Work task: Pictures stay out of the copy. Everything else in the records must be repeated exactly.

Entries provided:
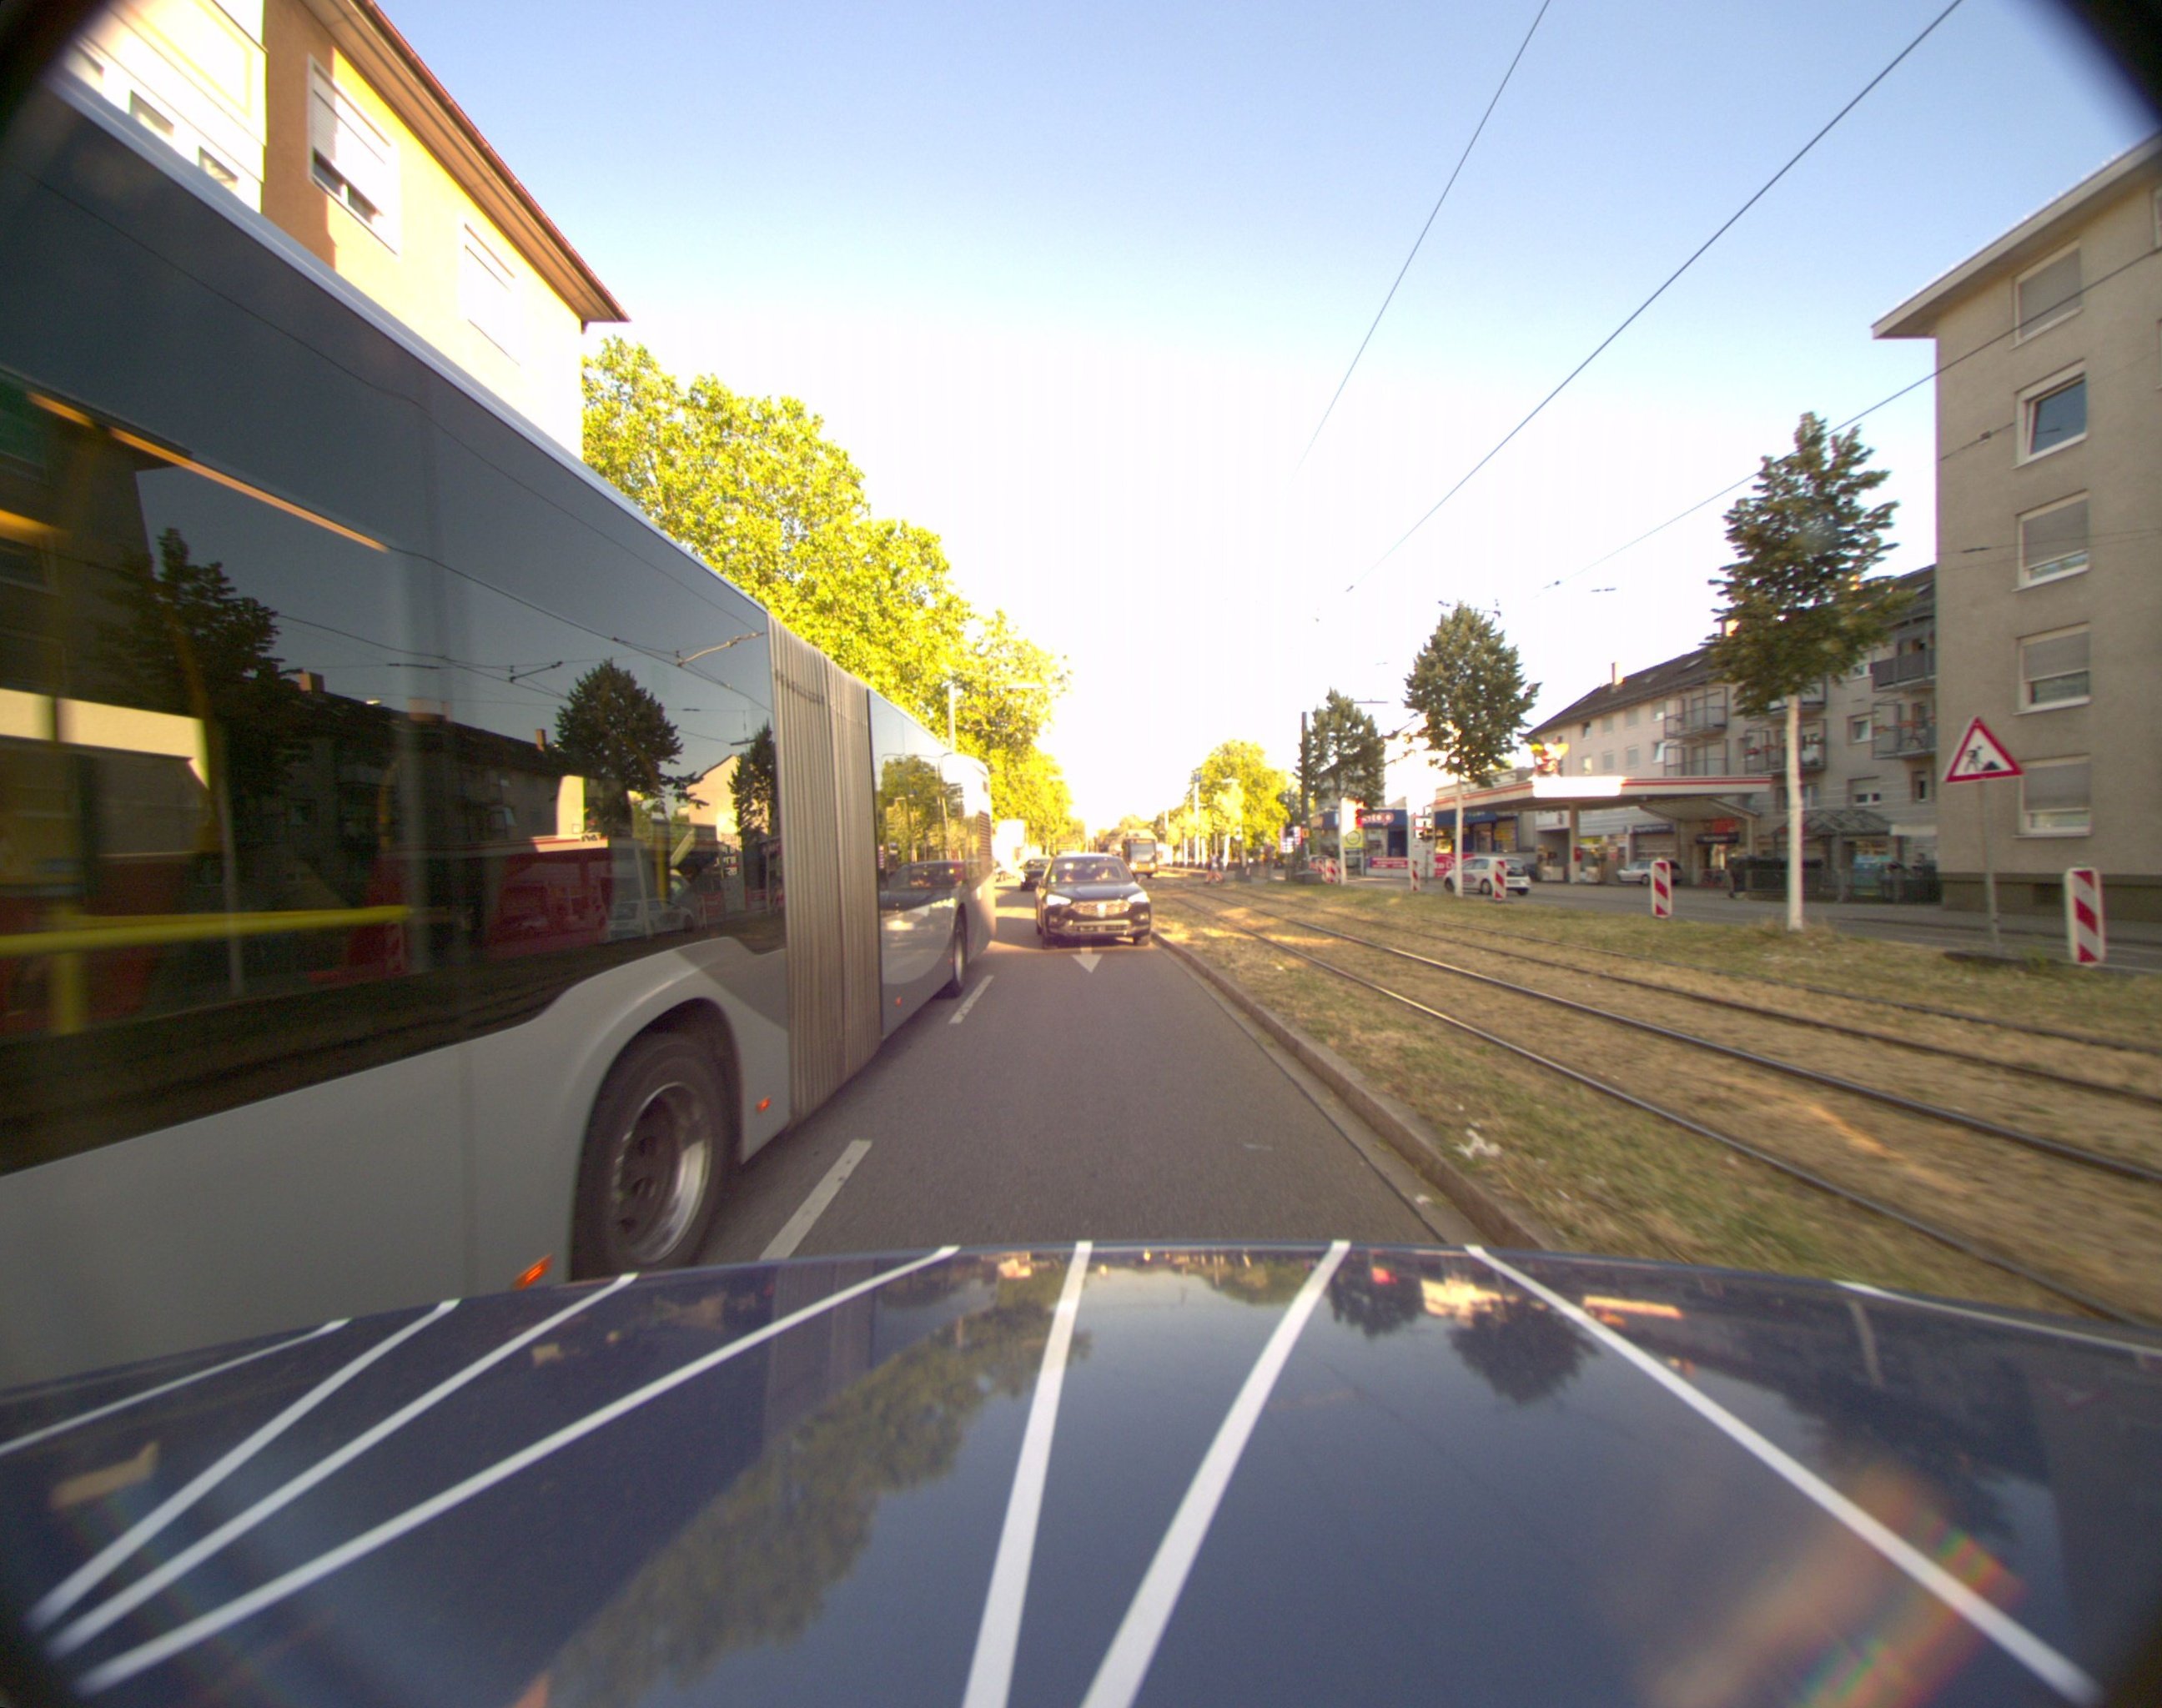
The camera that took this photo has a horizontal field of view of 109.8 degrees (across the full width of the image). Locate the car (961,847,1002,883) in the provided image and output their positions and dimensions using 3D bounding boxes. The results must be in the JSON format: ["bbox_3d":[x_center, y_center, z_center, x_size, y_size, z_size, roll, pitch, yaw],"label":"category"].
[{"bbox_3d":[-6.091,0.637,46.923,1.889,2.066,4.563,-1,0,1],"label":"car"}]

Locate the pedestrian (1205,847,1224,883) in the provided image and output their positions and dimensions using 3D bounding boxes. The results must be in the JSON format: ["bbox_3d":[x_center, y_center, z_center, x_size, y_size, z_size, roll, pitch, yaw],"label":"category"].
[{"bbox_3d":[7.129,0.568,40.472,0.860,1.921,0.755,0,1,-2],"label":"pedestrian"}]

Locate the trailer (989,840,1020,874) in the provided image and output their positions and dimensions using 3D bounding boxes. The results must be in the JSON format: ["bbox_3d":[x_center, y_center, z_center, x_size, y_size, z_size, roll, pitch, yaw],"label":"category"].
[{"bbox_3d":[-6.000,0.215,60.241,1.890,2.573,4.651,-1,0,1],"label":"trailer"}]

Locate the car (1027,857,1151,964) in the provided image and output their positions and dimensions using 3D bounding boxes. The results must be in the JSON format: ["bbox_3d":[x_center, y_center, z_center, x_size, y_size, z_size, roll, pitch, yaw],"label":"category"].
[{"bbox_3d":[0.084,0.900,14.138,1.911,1.606,4.085,-3,0,-1],"label":"car"}]

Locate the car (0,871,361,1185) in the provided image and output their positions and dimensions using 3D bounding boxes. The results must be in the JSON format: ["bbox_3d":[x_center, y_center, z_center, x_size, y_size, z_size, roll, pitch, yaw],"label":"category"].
[{"bbox_3d":[-6.349,0.895,3.581,1.843,1.528,4.230,0,0,1],"label":"car"}]

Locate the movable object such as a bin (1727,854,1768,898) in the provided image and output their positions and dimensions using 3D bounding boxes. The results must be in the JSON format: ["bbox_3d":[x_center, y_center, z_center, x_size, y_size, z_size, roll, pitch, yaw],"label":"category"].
[{"bbox_3d":[21.319,0.695,24.310,0.665,1.392,0.749,0,1,-1],"label":"movable object such as a bin"}]

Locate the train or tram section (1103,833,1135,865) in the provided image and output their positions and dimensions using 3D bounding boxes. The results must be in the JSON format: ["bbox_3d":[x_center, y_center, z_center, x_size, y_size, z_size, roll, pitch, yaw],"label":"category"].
[{"bbox_3d":[4.344,-0.630,89.133,3.043,3.497,10.094,1,1,-1],"label":"train or tram section"}]

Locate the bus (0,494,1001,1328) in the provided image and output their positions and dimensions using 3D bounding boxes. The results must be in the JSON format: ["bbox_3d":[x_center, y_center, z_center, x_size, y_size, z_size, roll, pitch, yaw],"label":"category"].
[{"bbox_3d":[-2.725,0.224,7.278,2.745,3.038,8.853,-2,0,1],"label":"bus"}]

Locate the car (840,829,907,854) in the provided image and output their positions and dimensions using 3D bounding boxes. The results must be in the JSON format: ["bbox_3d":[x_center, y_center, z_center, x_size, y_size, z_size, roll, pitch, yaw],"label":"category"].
[{"bbox_3d":[-14.505,-0.863,53.361,4.122,1.541,1.803,-3,0,2],"label":"car"}]

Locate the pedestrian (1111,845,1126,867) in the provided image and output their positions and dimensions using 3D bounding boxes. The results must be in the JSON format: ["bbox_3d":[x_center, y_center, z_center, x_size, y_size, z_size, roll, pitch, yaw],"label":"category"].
[{"bbox_3d":[2.698,0.131,55.410,0.918,1.541,0.788,-2,1,-8],"label":"pedestrian"}]

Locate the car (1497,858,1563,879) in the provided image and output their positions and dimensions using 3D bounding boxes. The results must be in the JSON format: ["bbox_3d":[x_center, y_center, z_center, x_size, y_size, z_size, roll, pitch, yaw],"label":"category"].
[{"bbox_3d":[33.199,1.038,56.201,3.803,1.514,1.818,0,0,4],"label":"car"}]

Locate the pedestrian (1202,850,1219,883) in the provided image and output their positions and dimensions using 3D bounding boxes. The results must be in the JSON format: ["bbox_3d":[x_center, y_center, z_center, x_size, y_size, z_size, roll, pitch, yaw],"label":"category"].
[{"bbox_3d":[7.065,0.665,41.397,0.755,1.737,0.860,0,1,-3],"label":"pedestrian"}]

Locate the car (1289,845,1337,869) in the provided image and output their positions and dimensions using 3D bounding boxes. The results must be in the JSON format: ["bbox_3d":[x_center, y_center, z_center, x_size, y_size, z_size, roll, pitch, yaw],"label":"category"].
[{"bbox_3d":[16.096,0.165,52.967,1.816,1.551,4.933,0,1,0],"label":"car"}]

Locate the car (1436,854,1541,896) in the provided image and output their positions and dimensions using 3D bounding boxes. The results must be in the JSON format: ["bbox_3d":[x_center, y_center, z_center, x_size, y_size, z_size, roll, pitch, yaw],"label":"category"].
[{"bbox_3d":[15.916,0.771,29.901,1.817,1.503,3.826,0,1,-6],"label":"car"}]

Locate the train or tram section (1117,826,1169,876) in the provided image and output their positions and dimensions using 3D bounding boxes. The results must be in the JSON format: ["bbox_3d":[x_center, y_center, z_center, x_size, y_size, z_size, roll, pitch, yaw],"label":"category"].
[{"bbox_3d":[4.615,-0.263,58.859,3.043,3.497,10.094,1,1,-1],"label":"train or tram section"}]

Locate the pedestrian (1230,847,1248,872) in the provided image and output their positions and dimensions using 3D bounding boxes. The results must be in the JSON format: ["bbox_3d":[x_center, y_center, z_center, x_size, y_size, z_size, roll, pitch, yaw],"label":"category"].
[{"bbox_3d":[10.897,0.360,52.405,0.937,1.644,0.926,-3,1,1],"label":"pedestrian"}]

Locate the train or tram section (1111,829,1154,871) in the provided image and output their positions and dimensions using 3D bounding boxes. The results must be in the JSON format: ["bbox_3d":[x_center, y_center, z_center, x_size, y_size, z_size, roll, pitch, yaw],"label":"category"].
[{"bbox_3d":[4.519,-0.390,68.939,3.043,3.497,10.094,1,1,-1],"label":"train or tram section"}]

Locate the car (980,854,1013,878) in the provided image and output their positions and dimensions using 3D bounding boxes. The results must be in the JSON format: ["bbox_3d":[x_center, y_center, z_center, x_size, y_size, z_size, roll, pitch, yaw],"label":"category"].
[{"bbox_3d":[-5.915,0.799,53.577,1.800,1.621,4.000,0,0,1],"label":"car"}]

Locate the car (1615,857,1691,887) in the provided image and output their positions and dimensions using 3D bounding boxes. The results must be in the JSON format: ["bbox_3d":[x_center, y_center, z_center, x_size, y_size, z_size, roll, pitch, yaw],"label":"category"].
[{"bbox_3d":[33.775,1.037,45.011,1.816,1.514,3.830,-2,1,5],"label":"car"}]

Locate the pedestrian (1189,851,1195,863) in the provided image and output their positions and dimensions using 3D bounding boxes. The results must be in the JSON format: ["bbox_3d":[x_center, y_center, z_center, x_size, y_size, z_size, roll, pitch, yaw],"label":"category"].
[{"bbox_3d":[17.688,0.401,121.191,0.755,1.871,1.000,-3,1,-1],"label":"pedestrian"}]

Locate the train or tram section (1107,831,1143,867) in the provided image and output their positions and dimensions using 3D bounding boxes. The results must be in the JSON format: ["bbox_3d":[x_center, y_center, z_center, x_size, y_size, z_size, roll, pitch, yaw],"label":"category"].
[{"bbox_3d":[4.435,-0.512,79.035,3.043,3.497,10.094,1,1,-1],"label":"train or tram section"}]

Exercise answer:
The camera that took this photo has a horizontal field of view of 109.8 degrees (across the full width of the image). Locate the car (961,847,1002,883) in the provided image and output their positions and dimensions using 3D bounding boxes. The results must be in the JSON format: ["bbox_3d":[x_center, y_center, z_center, x_size, y_size, z_size, roll, pitch, yaw],"label":"category"].
[{"bbox_3d":[-6.091,0.637,46.923,1.889,2.066,4.563,-1,0,1],"label":"car"}]

Locate the pedestrian (1205,847,1224,883) in the provided image and output their positions and dimensions using 3D bounding boxes. The results must be in the JSON format: ["bbox_3d":[x_center, y_center, z_center, x_size, y_size, z_size, roll, pitch, yaw],"label":"category"].
[{"bbox_3d":[7.129,0.568,40.472,0.860,1.921,0.755,0,1,-2],"label":"pedestrian"}]

Locate the trailer (989,840,1020,874) in the provided image and output their positions and dimensions using 3D bounding boxes. The results must be in the JSON format: ["bbox_3d":[x_center, y_center, z_center, x_size, y_size, z_size, roll, pitch, yaw],"label":"category"].
[{"bbox_3d":[-6.000,0.215,60.241,1.890,2.573,4.651,-1,0,1],"label":"trailer"}]

Locate the car (1027,857,1151,964) in the provided image and output their positions and dimensions using 3D bounding boxes. The results must be in the JSON format: ["bbox_3d":[x_center, y_center, z_center, x_size, y_size, z_size, roll, pitch, yaw],"label":"category"].
[{"bbox_3d":[0.084,0.900,14.138,1.911,1.606,4.085,-3,0,-1],"label":"car"}]

Locate the car (0,871,361,1185) in the provided image and output their positions and dimensions using 3D bounding boxes. The results must be in the JSON format: ["bbox_3d":[x_center, y_center, z_center, x_size, y_size, z_size, roll, pitch, yaw],"label":"category"].
[{"bbox_3d":[-6.349,0.895,3.581,1.843,1.528,4.230,0,0,1],"label":"car"}]

Locate the movable object such as a bin (1727,854,1768,898) in the provided image and output their positions and dimensions using 3D bounding boxes. The results must be in the JSON format: ["bbox_3d":[x_center, y_center, z_center, x_size, y_size, z_size, roll, pitch, yaw],"label":"category"].
[{"bbox_3d":[21.319,0.695,24.310,0.665,1.392,0.749,0,1,-1],"label":"movable object such as a bin"}]

Locate the train or tram section (1103,833,1135,865) in the provided image and output their positions and dimensions using 3D bounding boxes. The results must be in the JSON format: ["bbox_3d":[x_center, y_center, z_center, x_size, y_size, z_size, roll, pitch, yaw],"label":"category"].
[{"bbox_3d":[4.344,-0.630,89.133,3.043,3.497,10.094,1,1,-1],"label":"train or tram section"}]

Locate the bus (0,494,1001,1328) in the provided image and output their positions and dimensions using 3D bounding boxes. The results must be in the JSON format: ["bbox_3d":[x_center, y_center, z_center, x_size, y_size, z_size, roll, pitch, yaw],"label":"category"].
[{"bbox_3d":[-2.725,0.224,7.278,2.745,3.038,8.853,-2,0,1],"label":"bus"}]

Locate the car (840,829,907,854) in the provided image and output their positions and dimensions using 3D bounding boxes. The results must be in the JSON format: ["bbox_3d":[x_center, y_center, z_center, x_size, y_size, z_size, roll, pitch, yaw],"label":"category"].
[{"bbox_3d":[-14.505,-0.863,53.361,4.122,1.541,1.803,-3,0,2],"label":"car"}]

Locate the pedestrian (1111,845,1126,867) in the provided image and output their positions and dimensions using 3D bounding boxes. The results must be in the JSON format: ["bbox_3d":[x_center, y_center, z_center, x_size, y_size, z_size, roll, pitch, yaw],"label":"category"].
[{"bbox_3d":[2.698,0.131,55.410,0.918,1.541,0.788,-2,1,-8],"label":"pedestrian"}]

Locate the car (1497,858,1563,879) in the provided image and output their positions and dimensions using 3D bounding boxes. The results must be in the JSON format: ["bbox_3d":[x_center, y_center, z_center, x_size, y_size, z_size, roll, pitch, yaw],"label":"category"].
[{"bbox_3d":[33.199,1.038,56.201,3.803,1.514,1.818,0,0,4],"label":"car"}]

Locate the pedestrian (1202,850,1219,883) in the provided image and output their positions and dimensions using 3D bounding boxes. The results must be in the JSON format: ["bbox_3d":[x_center, y_center, z_center, x_size, y_size, z_size, roll, pitch, yaw],"label":"category"].
[{"bbox_3d":[7.065,0.665,41.397,0.755,1.737,0.860,0,1,-3],"label":"pedestrian"}]

Locate the car (1289,845,1337,869) in the provided image and output their positions and dimensions using 3D bounding boxes. The results must be in the JSON format: ["bbox_3d":[x_center, y_center, z_center, x_size, y_size, z_size, roll, pitch, yaw],"label":"category"].
[{"bbox_3d":[16.096,0.165,52.967,1.816,1.551,4.933,0,1,0],"label":"car"}]

Locate the car (1436,854,1541,896) in the provided image and output their positions and dimensions using 3D bounding boxes. The results must be in the JSON format: ["bbox_3d":[x_center, y_center, z_center, x_size, y_size, z_size, roll, pitch, yaw],"label":"category"].
[{"bbox_3d":[15.916,0.771,29.901,1.817,1.503,3.826,0,1,-6],"label":"car"}]

Locate the train or tram section (1117,826,1169,876) in the provided image and output their positions and dimensions using 3D bounding boxes. The results must be in the JSON format: ["bbox_3d":[x_center, y_center, z_center, x_size, y_size, z_size, roll, pitch, yaw],"label":"category"].
[{"bbox_3d":[4.615,-0.263,58.859,3.043,3.497,10.094,1,1,-1],"label":"train or tram section"}]

Locate the pedestrian (1230,847,1248,872) in the provided image and output their positions and dimensions using 3D bounding boxes. The results must be in the JSON format: ["bbox_3d":[x_center, y_center, z_center, x_size, y_size, z_size, roll, pitch, yaw],"label":"category"].
[{"bbox_3d":[10.897,0.360,52.405,0.937,1.644,0.926,-3,1,1],"label":"pedestrian"}]

Locate the train or tram section (1111,829,1154,871) in the provided image and output their positions and dimensions using 3D bounding boxes. The results must be in the JSON format: ["bbox_3d":[x_center, y_center, z_center, x_size, y_size, z_size, roll, pitch, yaw],"label":"category"].
[{"bbox_3d":[4.519,-0.390,68.939,3.043,3.497,10.094,1,1,-1],"label":"train or tram section"}]

Locate the car (980,854,1013,878) in the provided image and output their positions and dimensions using 3D bounding boxes. The results must be in the JSON format: ["bbox_3d":[x_center, y_center, z_center, x_size, y_size, z_size, roll, pitch, yaw],"label":"category"].
[{"bbox_3d":[-5.915,0.799,53.577,1.800,1.621,4.000,0,0,1],"label":"car"}]

Locate the car (1615,857,1691,887) in the provided image and output their positions and dimensions using 3D bounding boxes. The results must be in the JSON format: ["bbox_3d":[x_center, y_center, z_center, x_size, y_size, z_size, roll, pitch, yaw],"label":"category"].
[{"bbox_3d":[33.775,1.037,45.011,1.816,1.514,3.830,-2,1,5],"label":"car"}]

Locate the pedestrian (1189,851,1195,863) in the provided image and output their positions and dimensions using 3D bounding boxes. The results must be in the JSON format: ["bbox_3d":[x_center, y_center, z_center, x_size, y_size, z_size, roll, pitch, yaw],"label":"category"].
[{"bbox_3d":[17.688,0.401,121.191,0.755,1.871,1.000,-3,1,-1],"label":"pedestrian"}]

Locate the train or tram section (1107,831,1143,867) in the provided image and output their positions and dimensions using 3D bounding boxes. The results must be in the JSON format: ["bbox_3d":[x_center, y_center, z_center, x_size, y_size, z_size, roll, pitch, yaw],"label":"category"].
[{"bbox_3d":[4.435,-0.512,79.035,3.043,3.497,10.094,1,1,-1],"label":"train or tram section"}]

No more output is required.